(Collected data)
◆ ◆ ◆ ◆ ◆
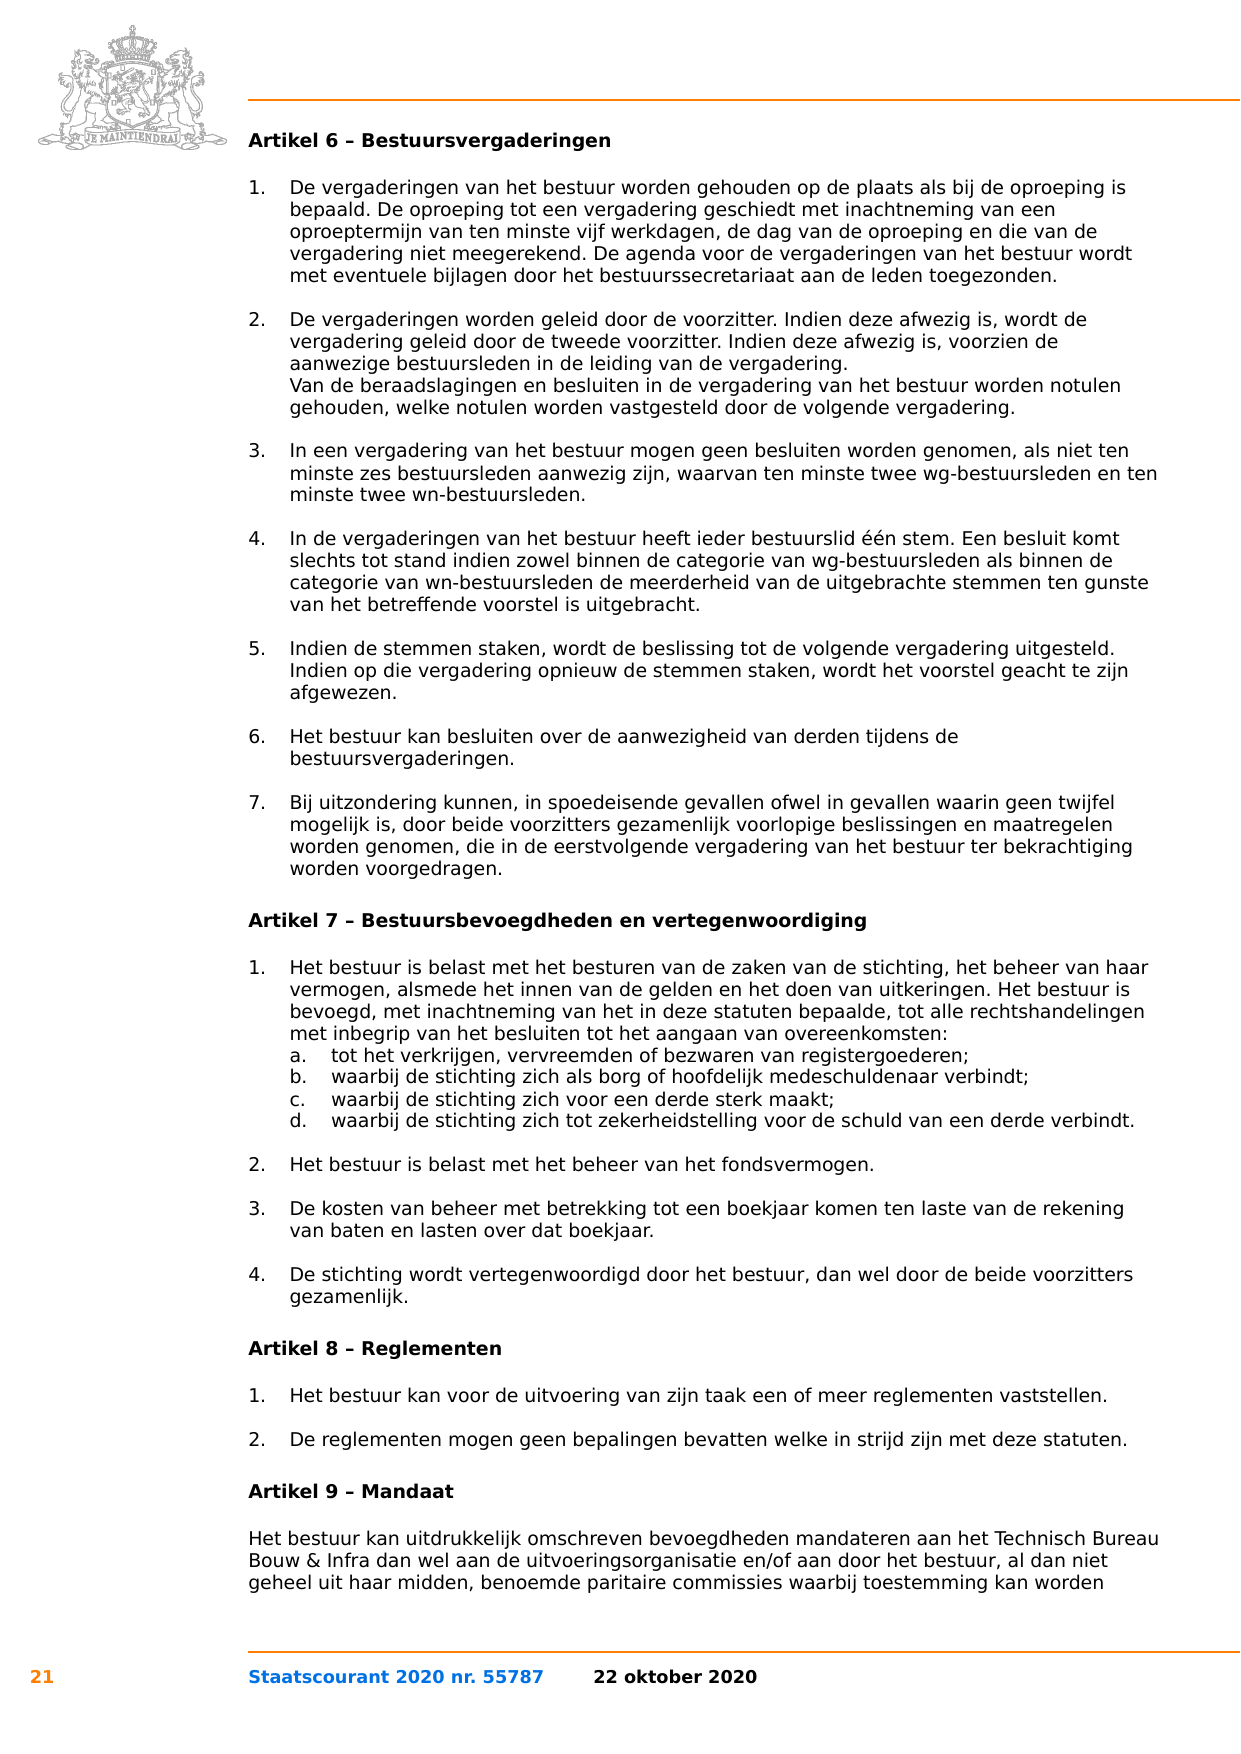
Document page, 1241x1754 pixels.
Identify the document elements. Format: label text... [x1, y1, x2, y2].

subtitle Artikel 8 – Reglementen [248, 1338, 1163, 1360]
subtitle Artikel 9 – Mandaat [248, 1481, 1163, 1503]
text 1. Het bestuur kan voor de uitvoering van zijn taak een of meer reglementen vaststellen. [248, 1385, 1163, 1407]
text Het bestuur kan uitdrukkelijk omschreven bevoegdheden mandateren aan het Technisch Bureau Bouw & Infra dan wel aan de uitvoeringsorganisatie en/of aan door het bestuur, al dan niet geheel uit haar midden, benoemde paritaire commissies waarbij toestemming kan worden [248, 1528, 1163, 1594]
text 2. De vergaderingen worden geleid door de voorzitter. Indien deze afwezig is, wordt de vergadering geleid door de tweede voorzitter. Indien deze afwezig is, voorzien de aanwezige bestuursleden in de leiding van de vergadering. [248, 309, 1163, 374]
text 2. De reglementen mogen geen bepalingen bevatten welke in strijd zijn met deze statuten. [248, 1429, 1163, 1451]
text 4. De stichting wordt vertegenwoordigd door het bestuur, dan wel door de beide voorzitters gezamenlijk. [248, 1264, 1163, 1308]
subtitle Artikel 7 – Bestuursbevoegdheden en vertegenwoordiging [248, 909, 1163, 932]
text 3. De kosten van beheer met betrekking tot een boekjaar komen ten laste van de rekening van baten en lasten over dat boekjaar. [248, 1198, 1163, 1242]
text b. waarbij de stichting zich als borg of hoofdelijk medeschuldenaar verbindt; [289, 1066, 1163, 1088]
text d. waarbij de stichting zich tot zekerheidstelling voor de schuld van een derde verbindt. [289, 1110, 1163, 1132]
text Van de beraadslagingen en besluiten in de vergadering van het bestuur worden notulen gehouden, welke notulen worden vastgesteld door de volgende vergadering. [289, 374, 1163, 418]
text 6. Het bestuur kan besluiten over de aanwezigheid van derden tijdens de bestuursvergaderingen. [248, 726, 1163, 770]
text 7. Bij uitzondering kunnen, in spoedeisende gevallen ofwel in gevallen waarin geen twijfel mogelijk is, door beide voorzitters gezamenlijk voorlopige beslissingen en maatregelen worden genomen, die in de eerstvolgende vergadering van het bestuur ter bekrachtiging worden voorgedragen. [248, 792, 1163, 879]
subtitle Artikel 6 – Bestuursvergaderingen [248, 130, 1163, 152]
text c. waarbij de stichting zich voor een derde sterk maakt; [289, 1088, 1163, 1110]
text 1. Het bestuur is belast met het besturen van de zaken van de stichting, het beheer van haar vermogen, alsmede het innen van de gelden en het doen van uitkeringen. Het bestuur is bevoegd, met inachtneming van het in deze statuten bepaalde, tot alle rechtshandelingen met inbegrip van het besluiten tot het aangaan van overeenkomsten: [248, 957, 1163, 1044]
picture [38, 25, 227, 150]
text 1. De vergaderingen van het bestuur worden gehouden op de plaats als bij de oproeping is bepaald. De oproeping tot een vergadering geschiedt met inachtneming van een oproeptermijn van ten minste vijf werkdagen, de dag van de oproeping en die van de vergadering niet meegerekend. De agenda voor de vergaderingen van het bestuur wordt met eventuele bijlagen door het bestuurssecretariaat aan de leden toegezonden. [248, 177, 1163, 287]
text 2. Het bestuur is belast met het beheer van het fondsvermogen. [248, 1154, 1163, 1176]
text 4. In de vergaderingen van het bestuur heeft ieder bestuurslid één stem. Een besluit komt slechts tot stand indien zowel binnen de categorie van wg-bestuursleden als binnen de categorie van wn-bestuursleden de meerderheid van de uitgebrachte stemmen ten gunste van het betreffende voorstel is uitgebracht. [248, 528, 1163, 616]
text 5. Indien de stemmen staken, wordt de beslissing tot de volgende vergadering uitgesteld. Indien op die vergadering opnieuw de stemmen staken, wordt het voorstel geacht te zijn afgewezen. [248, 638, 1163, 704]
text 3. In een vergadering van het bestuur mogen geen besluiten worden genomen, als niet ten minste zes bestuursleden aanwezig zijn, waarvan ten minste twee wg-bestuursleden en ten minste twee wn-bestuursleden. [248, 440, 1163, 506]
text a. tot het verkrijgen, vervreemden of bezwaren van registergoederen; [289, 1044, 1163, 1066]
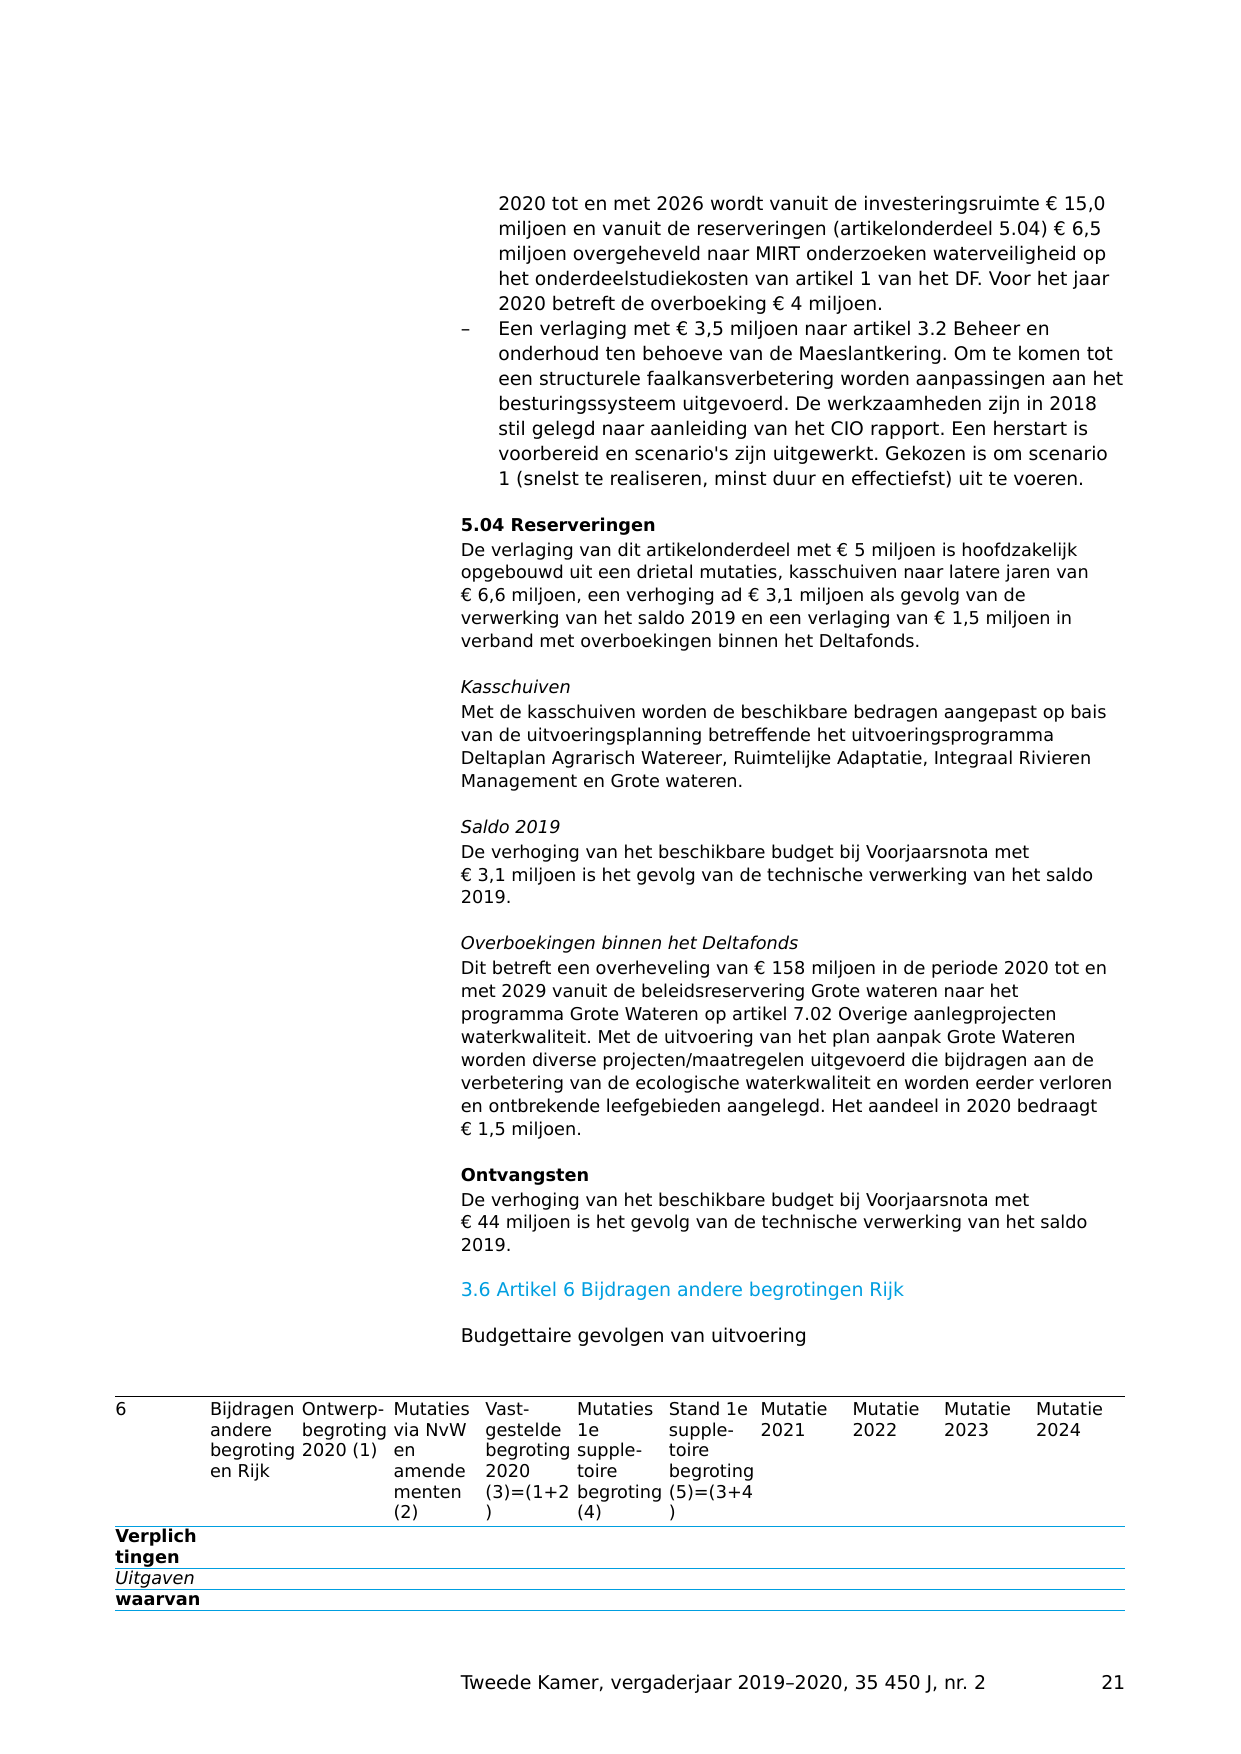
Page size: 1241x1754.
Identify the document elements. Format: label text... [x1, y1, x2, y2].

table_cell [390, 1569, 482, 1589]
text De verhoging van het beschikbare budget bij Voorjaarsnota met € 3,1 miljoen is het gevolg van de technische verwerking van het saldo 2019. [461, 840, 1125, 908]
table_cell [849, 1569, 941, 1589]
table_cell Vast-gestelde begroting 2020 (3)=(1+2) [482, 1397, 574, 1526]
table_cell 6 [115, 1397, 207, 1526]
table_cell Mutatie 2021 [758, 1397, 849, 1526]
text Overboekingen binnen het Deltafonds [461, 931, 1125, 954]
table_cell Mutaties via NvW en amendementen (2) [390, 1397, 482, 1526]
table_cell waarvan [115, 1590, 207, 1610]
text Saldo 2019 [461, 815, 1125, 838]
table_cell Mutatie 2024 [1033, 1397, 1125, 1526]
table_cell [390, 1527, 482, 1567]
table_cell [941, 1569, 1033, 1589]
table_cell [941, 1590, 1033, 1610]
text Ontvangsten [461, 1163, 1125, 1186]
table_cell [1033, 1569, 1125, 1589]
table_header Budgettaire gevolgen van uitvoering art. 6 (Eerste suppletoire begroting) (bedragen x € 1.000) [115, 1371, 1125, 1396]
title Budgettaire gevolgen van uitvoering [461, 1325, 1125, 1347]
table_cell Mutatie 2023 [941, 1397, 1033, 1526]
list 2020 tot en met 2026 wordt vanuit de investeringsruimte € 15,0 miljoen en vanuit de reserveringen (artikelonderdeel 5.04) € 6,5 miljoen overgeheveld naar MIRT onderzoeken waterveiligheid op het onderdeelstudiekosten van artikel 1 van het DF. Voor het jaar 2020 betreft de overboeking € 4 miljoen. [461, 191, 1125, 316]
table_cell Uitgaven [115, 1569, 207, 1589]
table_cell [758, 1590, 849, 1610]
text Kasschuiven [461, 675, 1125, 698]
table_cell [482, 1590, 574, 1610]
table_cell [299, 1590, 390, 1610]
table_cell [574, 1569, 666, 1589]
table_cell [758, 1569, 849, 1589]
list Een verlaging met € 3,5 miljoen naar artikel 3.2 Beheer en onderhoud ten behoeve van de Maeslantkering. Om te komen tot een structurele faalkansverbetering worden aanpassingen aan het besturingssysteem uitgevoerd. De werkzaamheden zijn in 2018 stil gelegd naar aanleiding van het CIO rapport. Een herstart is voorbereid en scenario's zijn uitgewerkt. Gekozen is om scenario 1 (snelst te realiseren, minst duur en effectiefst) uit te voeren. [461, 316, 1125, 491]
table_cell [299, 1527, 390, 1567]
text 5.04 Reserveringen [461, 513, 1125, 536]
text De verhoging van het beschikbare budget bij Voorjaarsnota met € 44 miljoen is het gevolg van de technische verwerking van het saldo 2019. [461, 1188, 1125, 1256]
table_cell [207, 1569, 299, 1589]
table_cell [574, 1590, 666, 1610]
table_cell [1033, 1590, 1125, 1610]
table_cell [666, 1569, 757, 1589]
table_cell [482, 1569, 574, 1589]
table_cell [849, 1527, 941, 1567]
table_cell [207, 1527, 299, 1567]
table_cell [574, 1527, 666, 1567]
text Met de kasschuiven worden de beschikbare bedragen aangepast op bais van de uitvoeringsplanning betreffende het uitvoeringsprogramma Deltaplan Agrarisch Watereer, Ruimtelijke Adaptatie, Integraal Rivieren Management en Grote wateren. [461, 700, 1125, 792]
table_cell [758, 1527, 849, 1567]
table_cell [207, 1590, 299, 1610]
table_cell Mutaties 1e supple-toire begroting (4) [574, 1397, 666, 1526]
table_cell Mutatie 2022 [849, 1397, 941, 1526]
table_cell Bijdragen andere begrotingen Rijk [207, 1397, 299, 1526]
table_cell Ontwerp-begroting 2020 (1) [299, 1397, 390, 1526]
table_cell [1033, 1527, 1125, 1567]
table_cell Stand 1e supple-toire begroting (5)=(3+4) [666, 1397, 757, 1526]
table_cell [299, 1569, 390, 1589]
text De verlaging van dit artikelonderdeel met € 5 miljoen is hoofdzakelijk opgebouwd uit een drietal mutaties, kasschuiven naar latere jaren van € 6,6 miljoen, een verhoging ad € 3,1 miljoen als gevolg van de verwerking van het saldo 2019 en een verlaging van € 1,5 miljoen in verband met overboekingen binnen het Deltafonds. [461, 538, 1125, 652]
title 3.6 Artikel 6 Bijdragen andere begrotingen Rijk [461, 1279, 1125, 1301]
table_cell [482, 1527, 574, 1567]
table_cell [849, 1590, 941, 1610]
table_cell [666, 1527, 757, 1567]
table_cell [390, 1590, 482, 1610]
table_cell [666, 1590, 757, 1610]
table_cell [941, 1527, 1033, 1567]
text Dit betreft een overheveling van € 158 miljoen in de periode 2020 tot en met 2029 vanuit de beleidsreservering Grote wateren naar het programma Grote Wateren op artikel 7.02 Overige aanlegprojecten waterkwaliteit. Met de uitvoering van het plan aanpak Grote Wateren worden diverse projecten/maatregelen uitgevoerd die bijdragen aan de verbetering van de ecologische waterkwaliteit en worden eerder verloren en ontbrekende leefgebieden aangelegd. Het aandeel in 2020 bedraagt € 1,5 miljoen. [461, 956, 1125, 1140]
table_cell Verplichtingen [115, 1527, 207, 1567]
◆ ◆ ◆ ◆ ◆
Any pictures are to be skipped, and the lines from the beginning of the entries through the line with "text 1. Het bestuur kan" copied exactly.

**Task response**
Document page, 1241x1754 pixels.
Identify the document elements. Format: label text... [x1, y1, x2, y2].

subtitle Artikel 8 – Reglementen [248, 1338, 1163, 1360]
subtitle Artikel 9 – Mandaat [248, 1481, 1163, 1503]
text 1. Het bestuur kan voor de uitvoering van zijn taak een of meer reglementen vaststellen. [248, 1385, 1163, 1407]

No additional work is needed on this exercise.